• **THE PROBLEM**:
Your answer should be the complete set of entries, transcribed exactly.

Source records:

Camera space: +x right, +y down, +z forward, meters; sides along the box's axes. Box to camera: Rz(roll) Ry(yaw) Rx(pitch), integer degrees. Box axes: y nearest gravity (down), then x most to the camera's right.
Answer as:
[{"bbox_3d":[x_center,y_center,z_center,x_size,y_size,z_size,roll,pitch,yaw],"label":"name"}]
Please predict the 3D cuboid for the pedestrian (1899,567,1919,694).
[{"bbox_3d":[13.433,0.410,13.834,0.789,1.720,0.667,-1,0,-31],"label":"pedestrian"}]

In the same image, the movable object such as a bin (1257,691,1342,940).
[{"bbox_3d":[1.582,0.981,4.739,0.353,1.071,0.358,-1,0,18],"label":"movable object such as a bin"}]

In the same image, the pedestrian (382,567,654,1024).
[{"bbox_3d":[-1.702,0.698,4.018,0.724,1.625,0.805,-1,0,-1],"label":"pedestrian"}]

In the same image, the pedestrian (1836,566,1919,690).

• **WRITTEN ANSWER**:
Camera space: +x right, +y down, +z forward, meters; sides along the box's axes. Box to camera: Rz(roll) Ry(yaw) Rx(pitch), integer degrees. Box axes: y nearest gravity (down), then x most to the camera's right.
Answer as:
[{"bbox_3d":[x_center,y_center,z_center,x_size,y_size,z_size,roll,pitch,yaw],"label":"name"}]
Please predict the 3D cuboid for the pedestrian (1899,567,1919,694).
[{"bbox_3d":[13.433,0.410,13.834,0.789,1.720,0.667,-1,0,-31],"label":"pedestrian"}]

In the same image, the movable object such as a bin (1257,691,1342,940).
[{"bbox_3d":[1.582,0.981,4.739,0.353,1.071,0.358,-1,0,18],"label":"movable object such as a bin"}]

In the same image, the pedestrian (382,567,654,1024).
[{"bbox_3d":[-1.702,0.698,4.018,0.724,1.625,0.805,-1,0,-1],"label":"pedestrian"}]

In the same image, the pedestrian (1836,566,1919,690).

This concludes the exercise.